Last week I puzzled over what seemed to me to be the hand waiving dismissal, by both Alan Turing and Douglas Hofstadter of what I saw as the problem of humans being able to write true statements that the formal systems employed by computers could not determine – the problem thrown up by Goedel’s Incompleteness Theorems.

Well, Douglas Hofstadter has now come to his own (partial) rescue as I continue to read on through Godel, Escher, Bach – as he describes Tarski’s Theorem, which essentially states that humans cannot determine all such statements either (unless we posit the Church-Turing thesis is wrong, of course and there is some inner human computational magic we have yet to describe).
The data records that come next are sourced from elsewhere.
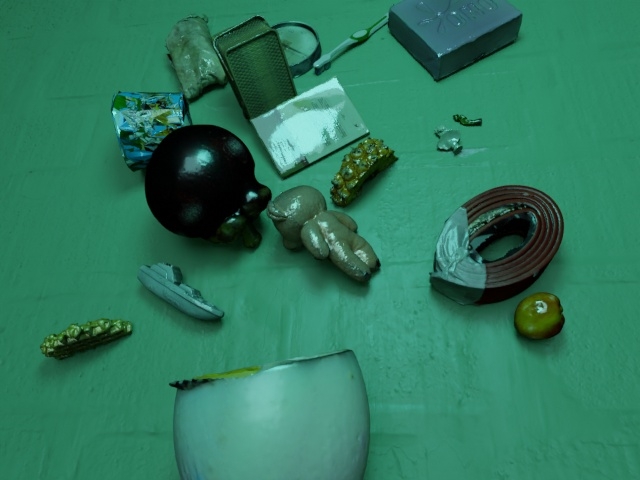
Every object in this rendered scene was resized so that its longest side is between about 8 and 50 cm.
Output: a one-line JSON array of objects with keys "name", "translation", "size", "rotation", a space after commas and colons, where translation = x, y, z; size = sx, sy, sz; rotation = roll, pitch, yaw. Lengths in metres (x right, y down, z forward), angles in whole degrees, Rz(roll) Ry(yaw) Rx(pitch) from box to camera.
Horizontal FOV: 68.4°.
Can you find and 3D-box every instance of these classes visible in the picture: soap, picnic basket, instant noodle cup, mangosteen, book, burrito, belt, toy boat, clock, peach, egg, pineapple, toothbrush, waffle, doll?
[{"name": "soap", "translation": [0.399, -0.660, 1.436], "size": [0.296, 0.107, 0.285], "rotation": [-29, 60, -8]}, {"name": "picnic basket", "translation": [-0.182, -0.476, 1.339], "size": [0.165, 0.266, 0.139], "rotation": [-28, 45, -8]}, {"name": "instant noodle cup", "translation": [-0.461, -0.317, 1.337], "size": [0.178, 0.240, 0.240], "rotation": [-8, 61, -6]}, {"name": "mangosteen", "translation": [-0.276, -0.140, 1.169], "size": [0.314, 0.297, 0.296], "rotation": [17, 67, 21]}, {"name": "book", "translation": [-0.029, -0.324, 1.337], "size": [0.290, 0.026, 0.201], "rotation": [-28, 82, -7]}, {"name": "burrito", "translation": [-0.418, -0.612, 1.547], "size": [0.175, 0.107, 0.347], "rotation": [-14, 63, -14]}, {"name": "belt", "translation": [0.396, 0.017, 1.076], "size": [0.324, 0.115, 0.227], "rotation": [-36, 62, -9]}, {"name": "toy boat", "translation": [-0.338, 0.124, 1.159], "size": [0.261, 0.078, 0.085], "rotation": [26, 84, 23]}, {"name": "clock", "translation": [-0.110, -0.621, 1.528], "size": [0.226, 0.049, 0.225], "rotation": [-4, 62, 8]}, {"name": "peach", "translation": [0.463, 0.161, 1.004], "size": [0.101, 0.100, 0.100], "rotation": [-4, 62, 7]}, {"name": "egg", "translation": [-0.074, 0.387, 0.841], "size": [0.355, 0.354, 0.339], "rotation": [-11, 78, 3]}, {"name": "pineapple", "translation": [0.112, -0.195, 1.222], "size": [0.079, 0.135, 0.233], "rotation": [35, 71, 23]}, {"name": "toothbrush", "translation": [0.135, -0.664, 1.515], "size": [0.418, 0.040, 0.042], "rotation": [-42, 62, -13]}, {"name": "waffle", "translation": [-0.570, 0.237, 1.137], "size": [0.192, 0.161, 0.046], "rotation": [-32, 65, 25]}, {"name": "doll", "translation": [0.000, 0.000, 1.157], "size": [0.303, 0.156, 0.201], "rotation": [46, 35, 8]}]

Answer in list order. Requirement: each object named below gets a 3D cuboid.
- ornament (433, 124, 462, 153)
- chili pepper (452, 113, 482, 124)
[{"name": "ornament", "translation": [0.347, -0.276, 1.279], "size": [0.069, 0.041, 0.092], "rotation": [-15, 71, 27]}, {"name": "chili pepper", "translation": [0.407, -0.335, 1.312], "size": [0.083, 0.022, 0.027], "rotation": [16, 100, 16]}]
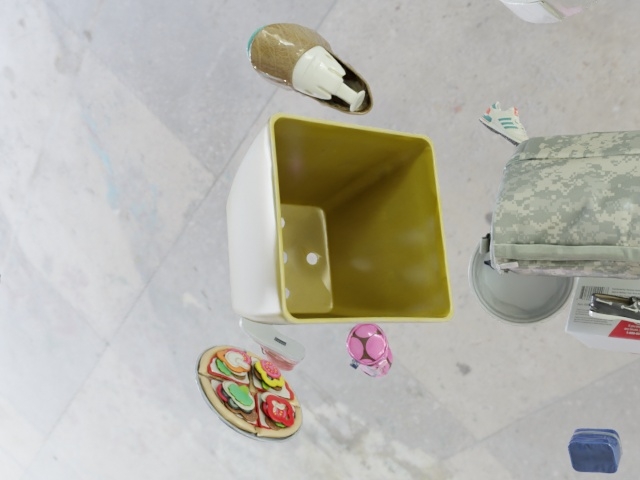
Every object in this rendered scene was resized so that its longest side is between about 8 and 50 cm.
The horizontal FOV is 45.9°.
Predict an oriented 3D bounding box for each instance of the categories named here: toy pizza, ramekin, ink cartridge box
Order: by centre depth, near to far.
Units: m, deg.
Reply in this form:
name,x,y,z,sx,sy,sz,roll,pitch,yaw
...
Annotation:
name,x,y,z,sx,sy,sz,roll,pitch,yaw
toy pizza,-0.107,0.235,1.205,0.201,0.201,0.032,41,113,7
ink cartridge box,0.627,0.080,1.503,0.114,0.273,0.197,31,161,-38
ramekin,0.404,0.067,1.518,0.207,0.109,0.207,0,88,15

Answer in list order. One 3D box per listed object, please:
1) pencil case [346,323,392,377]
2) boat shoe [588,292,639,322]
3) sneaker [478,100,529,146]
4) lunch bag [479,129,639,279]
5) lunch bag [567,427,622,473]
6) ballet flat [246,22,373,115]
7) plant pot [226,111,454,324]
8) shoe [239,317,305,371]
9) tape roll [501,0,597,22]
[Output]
name,x,y,z,sx,sy,sz,roll,pitch,yaw
pencil case,0.106,0.235,1.572,0.098,0.095,0.209,42,175,17
boat shoe,0.492,0.106,1.201,0.125,0.046,0.038,5,107,20
sneaker,0.458,-0.278,1.807,0.161,0.057,0.075,41,100,36
lunch bag,0.444,-0.042,1.274,0.305,0.256,0.213,2,121,28
lunch bag,0.518,0.396,1.433,0.098,0.065,0.067,-6,102,34
ballet flat,0.006,-0.286,1.336,0.124,0.342,0.116,39,100,24
plant pot,0.000,0.000,0.857,0.187,0.212,0.212,-24,67,56
shoe,-0.127,0.251,1.821,0.178,0.063,0.081,32,135,-3
tape roll,0.487,-0.592,1.421,0.072,0.392,0.392,28,143,-29
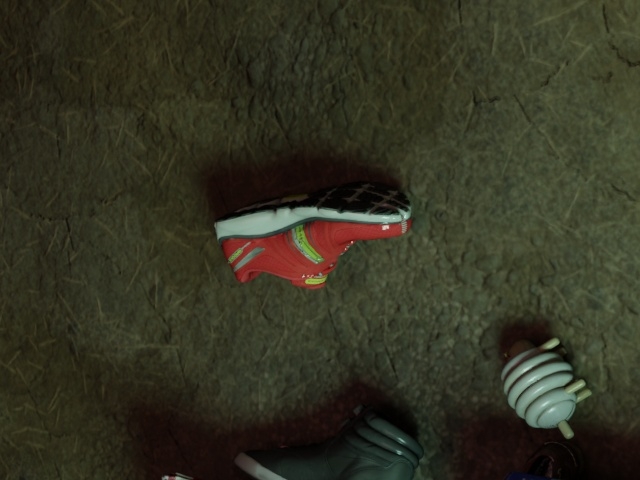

I am now going to quickly run through Hofstadter’s exposition – it might not mean too much to those of you not familiar with GEB, but if so and if you are interested in computation (and genetics and music) and you want to improve your mind this summer you could always think about buying the book. I don’t promise it’s an easy read, the style can vary from the nerdy to the deeply frustrating, but it is still a rewarding read.

So here goes:

We imagine we have a procedure that can determine the truth of a number theoretical statement, i.e.:

$TRUE\{a\}$ can tell us whether the number theoretical statement with Goedel number a is true.

So now we posit, $T$ with Goedel number $t$:

$\exists a:<\sim TRUE\{a\} \wedge ARITHMOQUINE\{a^{\prime\prime},a\}>$

Now, of you have read GEB you will know that to “arithmoquine” a number theoretical statement is to replace the free variable – in this case $a^{\prime\prime}$, with the Goedel number for the statement itself…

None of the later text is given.